L’empereur a débarqué à Rome avec une armée
et devant la menace présente,
Pascal II, (nous sommes vers 1110), a reculé et donné
raison aux Investitures
souhaitées par l’empereur germanique. Une fois devenu Pape,
Calixte II va
déloger l’antipape Grégoire VIII et ce, sans
ménagement. Si ce dernier aura la
vie sauve, il terminera ses jours cloitrés dans un
monastère, non sans avoir
subi auparavant une longue humiliation publique devant une foule
déchainée.

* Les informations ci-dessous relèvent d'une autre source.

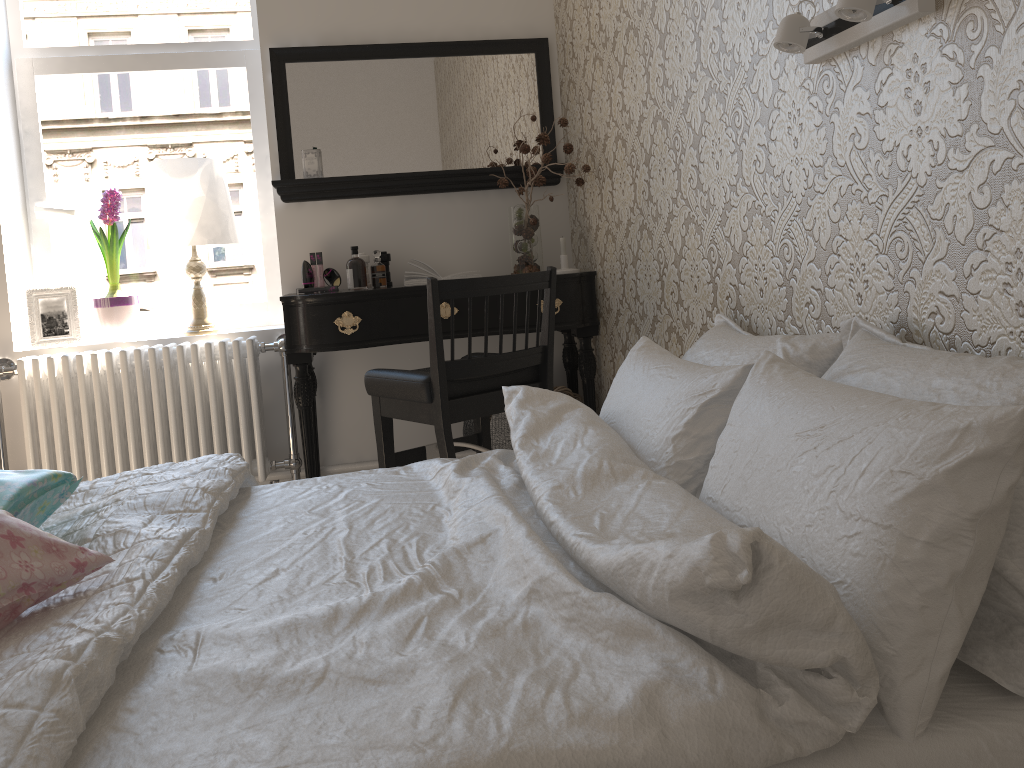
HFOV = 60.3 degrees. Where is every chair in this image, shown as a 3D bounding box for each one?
[{"bbox_3d":[-0.129,0.096,2.662,0.459,0.857,0.457,-8,5,-39],"label":"chair"}]

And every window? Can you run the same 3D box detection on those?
[{"bbox_3d":[-1.430,-1.079,3.447,0.950,1.774,0.111,-5,3,-9],"label":"window"}]

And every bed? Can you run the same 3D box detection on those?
[{"bbox_3d":[-0.381,0.428,1.294,2.214,0.628,1.967,-6,8,-9],"label":"bed"}]

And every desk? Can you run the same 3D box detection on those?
[{"bbox_3d":[-0.232,0.042,3.215,1.106,0.819,0.438,-5,4,-9],"label":"desk"}]

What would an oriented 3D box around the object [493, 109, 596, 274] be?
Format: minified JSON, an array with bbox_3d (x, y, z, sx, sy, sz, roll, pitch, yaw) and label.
[{"bbox_3d":[0.103,-0.663,3.118,0.319,0.596,0.542,-7,6,-38],"label":"object"}]

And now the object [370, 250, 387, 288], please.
[{"bbox_3d":[-0.490,-0.420,3.225,0.054,0.138,0.054,-3,4,30],"label":"object"}]

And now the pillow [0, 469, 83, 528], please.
[{"bbox_3d":[-0.884,0.228,1.290,0.362,0.168,0.385,-5,7,-4],"label":"pillow"}]

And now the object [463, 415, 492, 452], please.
[{"bbox_3d":[0.005,0.207,3.267,0.367,0.330,0.305,-5,5,-8],"label":"object"}]

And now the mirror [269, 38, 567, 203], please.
[{"bbox_3d":[-0.355,-1.009,3.347,1.119,0.570,0.066,-6,3,-9],"label":"mirror"}]

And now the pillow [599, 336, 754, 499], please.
[{"bbox_3d":[0.287,0.086,1.676,0.204,0.301,0.565,-5,7,-9],"label":"pillow"}]

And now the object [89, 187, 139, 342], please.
[{"bbox_3d":[-1.499,-0.448,3.313,0.157,0.575,0.157,-6,3,-24],"label":"object"}]

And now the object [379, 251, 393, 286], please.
[{"bbox_3d":[-0.482,-0.432,3.324,0.057,0.133,0.058,-1,5,41],"label":"object"}]

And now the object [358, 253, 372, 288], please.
[{"bbox_3d":[-0.555,-0.421,3.285,0.057,0.133,0.058,-1,5,41],"label":"object"}]

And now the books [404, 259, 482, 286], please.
[{"bbox_3d":[-0.262,-0.420,3.245,0.279,0.095,0.228,-5,7,-7],"label":"books"}]

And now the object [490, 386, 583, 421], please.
[{"bbox_3d":[0.076,0.205,3.278,0.393,0.430,0.397,-2,6,23],"label":"object"}]

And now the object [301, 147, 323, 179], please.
[{"bbox_3d":[-0.745,-0.824,3.290,0.072,0.121,0.037,-5,3,-4],"label":"object"}]

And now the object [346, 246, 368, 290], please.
[{"bbox_3d":[-0.563,-0.419,3.189,0.070,0.157,0.070,-5,4,-15],"label":"object"}]

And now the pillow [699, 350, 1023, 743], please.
[{"bbox_3d":[0.387,0.143,1.086,0.202,0.306,0.568,-5,7,-9],"label":"pillow"}]

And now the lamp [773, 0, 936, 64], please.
[{"bbox_3d":[0.509,-0.584,1.386,0.115,0.092,0.327,-5,8,-9],"label":"lamp"}]

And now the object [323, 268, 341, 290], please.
[{"bbox_3d":[-0.674,-0.381,3.224,0.080,0.085,0.083,-1,6,31],"label":"object"}]

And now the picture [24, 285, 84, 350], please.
[{"bbox_3d":[-1.683,-0.246,3.244,0.177,0.224,0.050,-7,4,-29],"label":"picture"}]

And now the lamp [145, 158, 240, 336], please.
[{"bbox_3d":[-1.205,-0.512,3.341,0.339,0.649,0.343,-4,4,3],"label":"lamp"}]

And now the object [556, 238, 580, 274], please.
[{"bbox_3d":[0.188,-0.464,3.194,0.104,0.130,0.106,-2,5,26],"label":"object"}]

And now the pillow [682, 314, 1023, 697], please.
[{"bbox_3d":[0.454,0.076,1.416,0.311,0.352,1.263,-5,8,-9],"label":"pillow"}]

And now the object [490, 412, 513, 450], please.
[{"bbox_3d":[0.057,0.224,3.239,0.289,0.354,0.352,-2,6,30],"label":"object"}]

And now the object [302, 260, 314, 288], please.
[{"bbox_3d":[-0.747,-0.393,3.228,0.030,0.119,0.055,-3,4,29],"label":"object"}]

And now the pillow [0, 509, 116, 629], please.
[{"bbox_3d":[-0.752,0.233,1.032,0.352,0.201,0.398,-1,8,23],"label":"pillow"}]

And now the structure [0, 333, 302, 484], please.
[{"bbox_3d":[-1.298,0.204,3.176,1.069,0.679,0.166,-6,3,-9],"label":"structure"}]

Ces
Investitures et l’apaisement qu’obtiendra Calixte II à leur
propos, reste une
des grandes réussites de son pontificat. En 1122, il signera un
traité (le
concordat de Worms) avec l’empereur germanique Henri V, mettant fin
à près de
45 années de guerre de pouvoir hiérarchique opposant la
papauté aux empereurs
germaniques. Guy
de Bourgogne a toujours eu ce côté
déterminé et sans appel, mais heureusement il a mis au
service de la paix ce
qui ne pourrait paraître qu’un défaut alors qu’il s’en est
aussi servi de qualité
dans sa vie et ce ; que ce soit comme archevêque ou comme Pape.
Le
long conflit
des Investitures entretenu avec différents empereurs,
commencé même avant qu’il
ne soit archevêque de Vienne, outre le fait de retirer de la
circulation
l’antipape, eh bien Calixte II va réussir à estomper ce
problème récurrent en
trouvant ce juste arbitrage.
L'antipape
Grégoire VIII devant Calixte II
Guy
de Bourgogne ne voulait pas devenir Pape.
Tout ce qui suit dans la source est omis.